Partially applied/curried function vs overloaded function

Question

Whilst I understand what a partially applied/curried function is, I still don't fully understand why I would use such a function vs simply overloading a function. I.e. given:

def add(a: Int, b: Int): Int = a + b
val addV = (a: Int, b: Int) => a + b

What is the practical difference between

def addOne(b: Int): Int = add(1, b)

and

def addOnePA = add(1, _:Int)
// or currying
val addOneC = addV.curried(1)

Please note I am NOT asking about currying vs partially applied functions as this has been asked before and I have read the answers. I am asking about currying/partially applied functions VS overloaded functions

Answer 1

The difference in your example is that overloaded function will have hardcoded value 1 for the first argument to add, i.e. set at compile time, while partially applied or curried functions are meant to capture their arguments dynamically, i.e. at run time. Otherwise, in your particular example, because you are hardcoding 1 in both cases it's pretty much the same thing.

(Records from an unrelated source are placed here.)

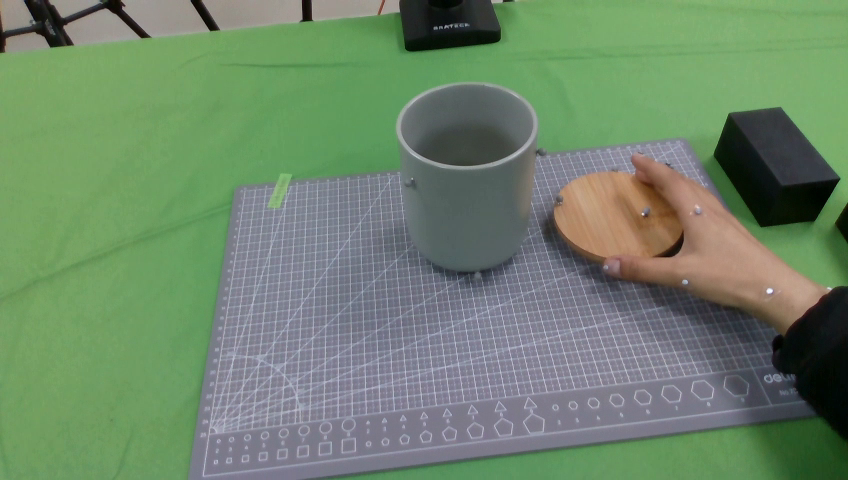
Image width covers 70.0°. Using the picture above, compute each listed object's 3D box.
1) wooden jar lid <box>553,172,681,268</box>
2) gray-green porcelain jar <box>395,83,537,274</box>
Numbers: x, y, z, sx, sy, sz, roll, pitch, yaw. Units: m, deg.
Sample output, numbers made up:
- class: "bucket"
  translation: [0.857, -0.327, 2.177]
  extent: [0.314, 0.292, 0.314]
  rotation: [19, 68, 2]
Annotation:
- class: "wooden jar lid"
  translation: [0.166, -0.016, 0.528]
  extent: [0.108, 0.021, 0.107]
  rotation: [-2, 48, 3]
- class: "gray-green porcelain jar"
  translation: [0.034, -0.043, 0.489]
  extent: [0.106, 0.128, 0.105]
  rotation: [-2, 48, 2]

You would use partially applied/curried function when you pass it through different contexts, and it captures/fills-in arguments dynamically until it's completely ready to be evaluated. In FP this is important because many times you don't pass values, but rather pass functions around. It allows for higher composability and code reusability.

Answer 2

There's a couple reasons why you might prefer partially applied functions. The most obvious and perhaps superficial one is that you don't have to write out intermediate functions such as addOnePA.

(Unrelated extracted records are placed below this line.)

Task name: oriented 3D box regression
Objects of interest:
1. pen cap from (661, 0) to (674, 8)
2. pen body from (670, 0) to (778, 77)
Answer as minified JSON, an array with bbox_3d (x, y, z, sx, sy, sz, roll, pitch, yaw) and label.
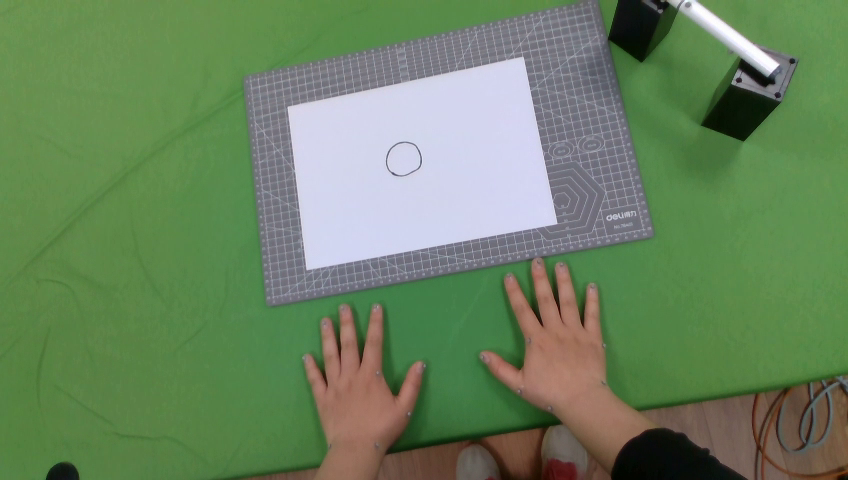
[{"bbox_3d":[0.240,-0.252,0.611,0.038,0.017,0.017,42,87,16],"label":"pen cap"},{"bbox_3d":[0.284,-0.209,0.597,0.143,0.017,0.017,44,87,14],"label":"pen body"}]

List(1, 2, 3, 4) map (_ + 3) // List(4, 5, 6, 7)

is nicer than

def add3(x: Int): Int = x + 3
List(1, 2, 3, 4) map add3

Even the anonymous function approach (that the underscore ends up expanding out to by the compiler) feels a tiny bit clunky in comparison.

List(1, 2, 3, 4) map (x => x + 3)

Less superficially, partial application comes in handy when you're truly passing around functions as first-class values.

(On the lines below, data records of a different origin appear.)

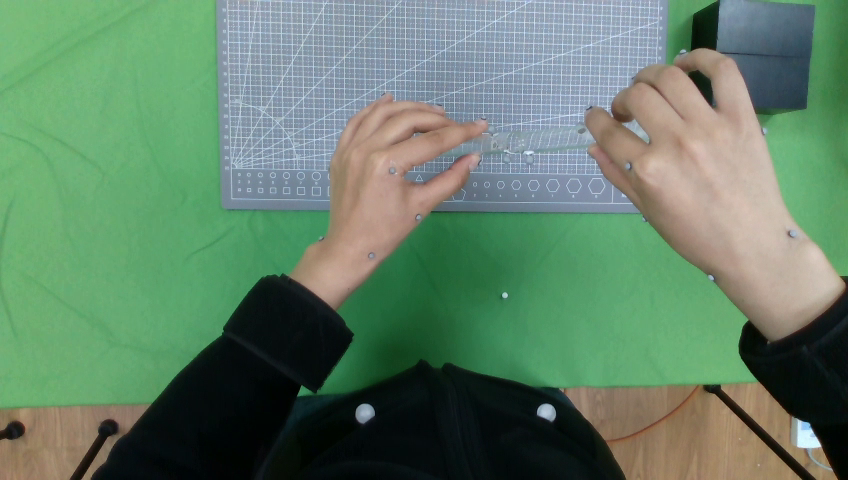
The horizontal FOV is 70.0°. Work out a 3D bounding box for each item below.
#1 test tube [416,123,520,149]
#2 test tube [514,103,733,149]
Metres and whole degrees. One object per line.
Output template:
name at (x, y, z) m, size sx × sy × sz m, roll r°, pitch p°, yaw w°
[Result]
test tube at (0.029, -0.081, 0.482) m, size 0.017 × 0.149 × 0.017 m, roll -4°, pitch 99°, yaw -25°
test tube at (0.136, -0.078, 0.414) m, size 0.150 × 0.017 × 0.017 m, roll -7°, pitch 96°, yaw -2°
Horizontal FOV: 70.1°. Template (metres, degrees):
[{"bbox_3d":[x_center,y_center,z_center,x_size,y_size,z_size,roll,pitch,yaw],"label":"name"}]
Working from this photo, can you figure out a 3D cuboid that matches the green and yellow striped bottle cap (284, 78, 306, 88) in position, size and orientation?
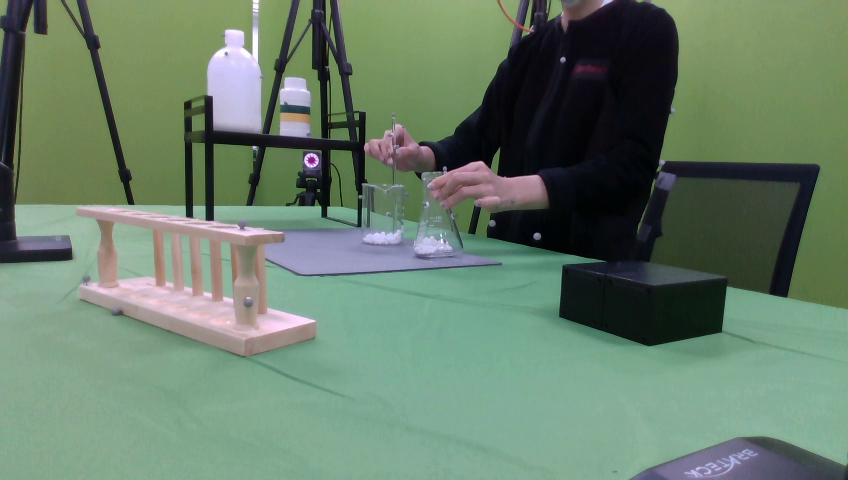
[{"bbox_3d":[-0.268,-0.325,1.259,0.045,0.020,0.045,5,7,0],"label":"green and yellow striped bottle cap"}]

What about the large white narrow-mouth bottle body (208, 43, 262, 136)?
[{"bbox_3d":[-0.369,-0.304,1.181,0.102,0.194,0.101,2,9,0],"label":"large white narrow-mouth bottle body"}]

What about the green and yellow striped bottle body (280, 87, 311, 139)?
[{"bbox_3d":[-0.269,-0.274,1.266,0.063,0.119,0.063,3,7,0],"label":"green and yellow striped bottle body"}]

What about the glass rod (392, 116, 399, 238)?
[{"bbox_3d":[-0.047,-0.102,0.988,0.008,0.199,0.008,-1,3,0],"label":"glass rod"}]

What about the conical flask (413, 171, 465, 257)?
[{"bbox_3d":[0.019,-0.037,0.871,0.075,0.122,0.075,-4,3,0],"label":"conical flask"}]

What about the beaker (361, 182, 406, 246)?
[{"bbox_3d":[-0.067,-0.042,0.993,0.074,0.100,0.084,1,8,-8],"label":"beaker"}]

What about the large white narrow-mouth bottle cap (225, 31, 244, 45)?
[{"bbox_3d":[-0.365,-0.388,1.166,0.038,0.024,0.037,2,9,0],"label":"large white narrow-mouth bottle cap"}]

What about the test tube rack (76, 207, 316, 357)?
[{"bbox_3d":[-0.196,0.023,0.500,0.241,0.085,0.067,8,9,36],"label":"test tube rack"}]

val fs = List[(Int, Int) => Int](_ + _, _ * _, _ / _)
val on3 = fs map (f => f(_, 3)) // partial application
val allTogether = on3.foldLeft{identity[Int] _}{_ compose _}

allTogether(6) // (6 / 3) * 3 + 3 = 9

Imagine if I hadn't told you what the functions in fs were. The trick of coming up with named function equivalents instead of partial application becomes harder to use.

As for currying, currying functions often lets you naturally express transformations of functions that produce other functions (rather than a higher order function that simply produces a non-function value at the end) which might otherwise be less clear.

For example,

def integrate(f: Double => Double, delta: Double = 0.01)(x: Double): Double = {
  val domain = Range.Double(0.0, x, delta)
  domain.foldLeft(0.0){case (acc, a) => delta * f(a) + acc      
}

can be thought of and used in the way that you actually learned integration in calculus, namely as a transformation of a function that produces another function.

def square(x: Double): Double = x * x

// Ignoring issues of numerical stability for the moment...
// The underscore is really just a wart that Scala requires to bind it to a val
val cubic = integrate(square) _ 
val quartic = integrate(cubic) _
val quintic = integrate(quartic) _

// Not *utterly* horrible for a two line numerical integration function
cubic(1) // 0.32835000000000014
quartic(1) // 0.0800415
quintic(1) // 0.015449626499999999

Currying also alleviates a few of the problems around fixed function arity.

implicit class LiftedApply[A, B](fOpt: Option[A => B]){ 
  def ap(xOpt: Option[A]): Option[B] = for {
    f <- fOpt
    x <- xOpt
  } yield f(x)
}

def not(x: Boolean): Boolean = !x
def and(x: Boolean)(y: Boolean): Boolean = x && y
def and3(x: Boolean)(y: Boolean)(z: Boolean): Boolean = x && y && z

Some(not _) ap Some(false) // true
Some(and _) ap Some(true) ap Some(true) // true
Some(and3 _) ap Some(true) ap Some(true) ap Some(true) // true

By having curried functions, we've been able to "lift" a function to work on Option for as many arguments as we need. If our logic functions had not been curried, then we would have had to have separate functions to lift A => B to Option[A] => Option[B], (A, B) => C to (Option[A], Option[B]) => Option[C], (A, B, C) => D to (Option[A], Option[B], Option[C]) => Option[D] and so on for all the arities we cared about.

Currying also has some other miscellaneous benefits when it comes to type inference and is required if you have both implicit and non-implicit arguments for a method.

Finally, the answers to this question list out some more times you might want currying.